[Exercise material]:
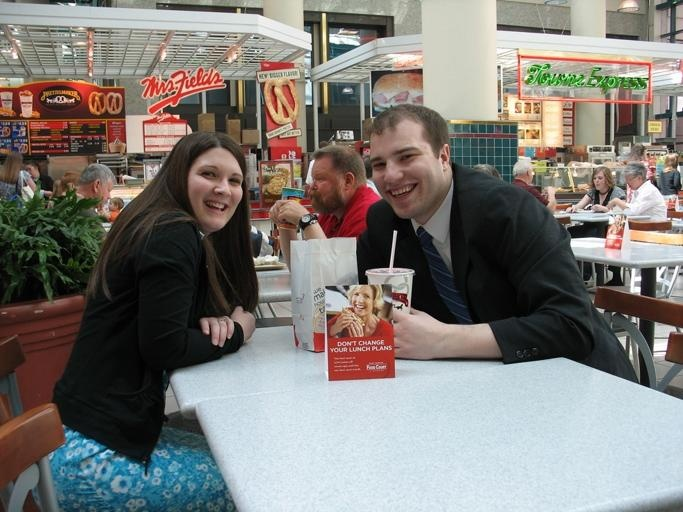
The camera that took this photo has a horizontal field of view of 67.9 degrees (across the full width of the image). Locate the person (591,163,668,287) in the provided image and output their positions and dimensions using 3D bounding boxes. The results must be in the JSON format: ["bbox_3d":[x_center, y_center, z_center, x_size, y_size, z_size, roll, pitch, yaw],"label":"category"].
[{"bbox_3d":[4.324,-0.567,7.436,0.883,1.544,0.664,-6,16,21],"label":"person"}]

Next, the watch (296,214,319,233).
[{"bbox_3d":[-0.136,-0.141,2.197,0.090,0.057,0.085,-29,-19,6],"label":"watch"}]

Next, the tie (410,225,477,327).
[{"bbox_3d":[0.337,0.066,1.758,0.250,0.272,0.258,-28,2,2],"label":"tie"}]

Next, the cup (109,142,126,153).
[{"bbox_3d":[-4.612,-2.185,10.496,0.300,0.206,0.238,0,10,-10],"label":"cup"}]

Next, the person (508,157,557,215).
[{"bbox_3d":[2.752,-0.890,7.382,0.638,1.010,0.678,-8,14,-6],"label":"person"}]

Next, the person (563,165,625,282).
[{"bbox_3d":[4.109,-0.548,8.150,1.004,1.690,0.727,-4,5,-8],"label":"person"}]

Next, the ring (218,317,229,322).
[{"bbox_3d":[-0.365,0.197,1.576,0.013,0.010,0.019,-4,4,33],"label":"ring"}]

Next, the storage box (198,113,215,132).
[{"bbox_3d":[-2.684,-2.680,10.148,0.271,0.357,0.422,-3,7,-20],"label":"storage box"}]

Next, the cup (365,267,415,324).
[{"bbox_3d":[0.140,0.099,1.338,0.117,0.092,0.120,0,2,0],"label":"cup"}]
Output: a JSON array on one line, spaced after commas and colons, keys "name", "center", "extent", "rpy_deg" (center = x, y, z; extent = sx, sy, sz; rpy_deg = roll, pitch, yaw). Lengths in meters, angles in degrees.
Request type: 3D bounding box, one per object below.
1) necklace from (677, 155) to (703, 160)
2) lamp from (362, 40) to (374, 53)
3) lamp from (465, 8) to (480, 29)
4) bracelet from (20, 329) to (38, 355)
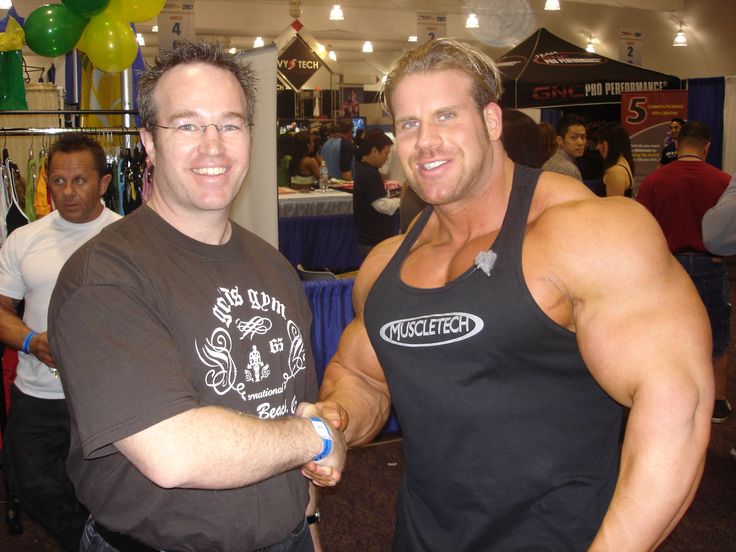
[{"name": "necklace", "center": [2.519, -0.909, 4.949], "extent": [0.093, 0.024, 0.092], "rpy_deg": [-5, 6, -43]}, {"name": "lamp", "center": [0.005, -6.232, 17.440], "extent": [0.416, 0.410, 0.443], "rpy_deg": [0, 17, 2]}, {"name": "lamp", "center": [2.567, -6.231, 15.530], "extent": [0.316, 0.329, 0.323], "rpy_deg": [-7, 17, -29]}, {"name": "bracelet", "center": [-1.690, 0.332, 3.155], "extent": [0.049, 0.120, 0.090], "rpy_deg": [38, -28, -31]}]
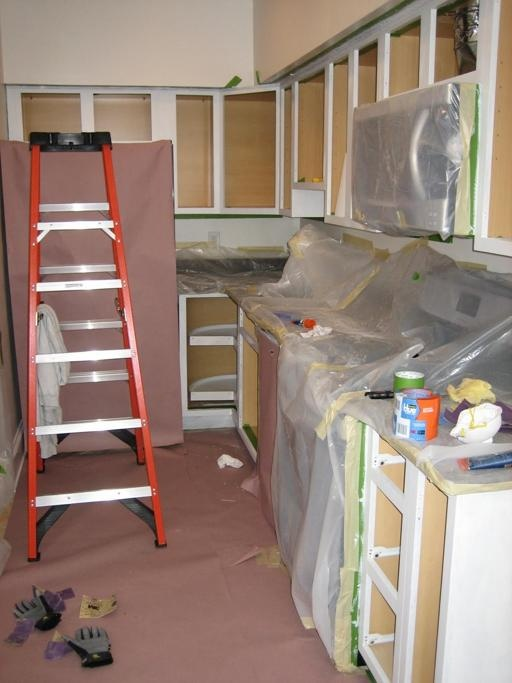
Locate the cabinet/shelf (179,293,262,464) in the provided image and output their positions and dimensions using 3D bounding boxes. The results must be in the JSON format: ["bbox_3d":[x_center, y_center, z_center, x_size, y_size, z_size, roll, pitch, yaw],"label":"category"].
[{"bbox_3d":[-0.221,0.156,3.109,0.408,0.852,0.551,-3,11,-12],"label":"cabinet/shelf"}]

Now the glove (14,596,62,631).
[{"bbox_3d":[-0.695,0.860,1.744,0.164,0.043,0.098,8,14,37],"label":"glove"}]

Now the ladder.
[{"bbox_3d":[-0.679,0.020,2.152,0.527,1.574,0.506,-4,11,-15],"label":"ladder"}]

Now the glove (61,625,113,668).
[{"bbox_3d":[-0.487,0.879,1.588,0.109,0.040,0.166,-7,12,-30],"label":"glove"}]

[Exercise aim]:
Leave the images aside and transcribe all entries exactly.

[Exercise result]:
The camera that took this photo has a horizontal field of view of 67.9 degrees (across the full width of the image). Locate the person (591,163,668,287) in the provided image and output their positions and dimensions using 3D bounding boxes. The results must be in the JSON format: ["bbox_3d":[x_center, y_center, z_center, x_size, y_size, z_size, roll, pitch, yaw],"label":"category"].
[{"bbox_3d":[4.324,-0.567,7.436,0.883,1.544,0.664,-6,16,21],"label":"person"}]

Next, the watch (296,214,319,233).
[{"bbox_3d":[-0.136,-0.141,2.197,0.090,0.057,0.085,-29,-19,6],"label":"watch"}]

Next, the tie (410,225,477,327).
[{"bbox_3d":[0.337,0.066,1.758,0.250,0.272,0.258,-28,2,2],"label":"tie"}]

Next, the cup (109,142,126,153).
[{"bbox_3d":[-4.612,-2.185,10.496,0.300,0.206,0.238,0,10,-10],"label":"cup"}]

Next, the person (508,157,557,215).
[{"bbox_3d":[2.752,-0.890,7.382,0.638,1.010,0.678,-8,14,-6],"label":"person"}]

Next, the person (563,165,625,282).
[{"bbox_3d":[4.109,-0.548,8.150,1.004,1.690,0.727,-4,5,-8],"label":"person"}]

Next, the ring (218,317,229,322).
[{"bbox_3d":[-0.365,0.197,1.576,0.013,0.010,0.019,-4,4,33],"label":"ring"}]

Next, the storage box (198,113,215,132).
[{"bbox_3d":[-2.684,-2.680,10.148,0.271,0.357,0.422,-3,7,-20],"label":"storage box"}]

Next, the cup (365,267,415,324).
[{"bbox_3d":[0.140,0.099,1.338,0.117,0.092,0.120,0,2,0],"label":"cup"}]
Output: a JSON array on one line, spaced after commas and colons, keys "name", "center", "extent", "rpy_deg" (center = x, y, z; extent = sx, sy, sz; rpy_deg = roll, pitch, yaw). Lengths in meters, angles in degrees.
Request type: 3D bounding box, one per object below.
1) necklace from (677, 155) to (703, 160)
2) lamp from (362, 40) to (374, 53)
3) lamp from (465, 8) to (480, 29)
4) bracelet from (20, 329) to (38, 355)
[{"name": "necklace", "center": [2.519, -0.909, 4.949], "extent": [0.093, 0.024, 0.092], "rpy_deg": [-5, 6, -43]}, {"name": "lamp", "center": [0.005, -6.232, 17.440], "extent": [0.416, 0.410, 0.443], "rpy_deg": [0, 17, 2]}, {"name": "lamp", "center": [2.567, -6.231, 15.530], "extent": [0.316, 0.329, 0.323], "rpy_deg": [-7, 17, -29]}, {"name": "bracelet", "center": [-1.690, 0.332, 3.155], "extent": [0.049, 0.120, 0.090], "rpy_deg": [38, -28, -31]}]
Locate the cabinet/shelf (179,293,262,464) in the provided image and output their positions and dimensions using 3D bounding boxes. The results must be in the JSON format: ["bbox_3d":[x_center, y_center, z_center, x_size, y_size, z_size, roll, pitch, yaw],"label":"category"].
[{"bbox_3d":[-0.221,0.156,3.109,0.408,0.852,0.551,-3,11,-12],"label":"cabinet/shelf"}]

Now the glove (14,596,62,631).
[{"bbox_3d":[-0.695,0.860,1.744,0.164,0.043,0.098,8,14,37],"label":"glove"}]

Now the ladder.
[{"bbox_3d":[-0.679,0.020,2.152,0.527,1.574,0.506,-4,11,-15],"label":"ladder"}]

Now the glove (61,625,113,668).
[{"bbox_3d":[-0.487,0.879,1.588,0.109,0.040,0.166,-7,12,-30],"label":"glove"}]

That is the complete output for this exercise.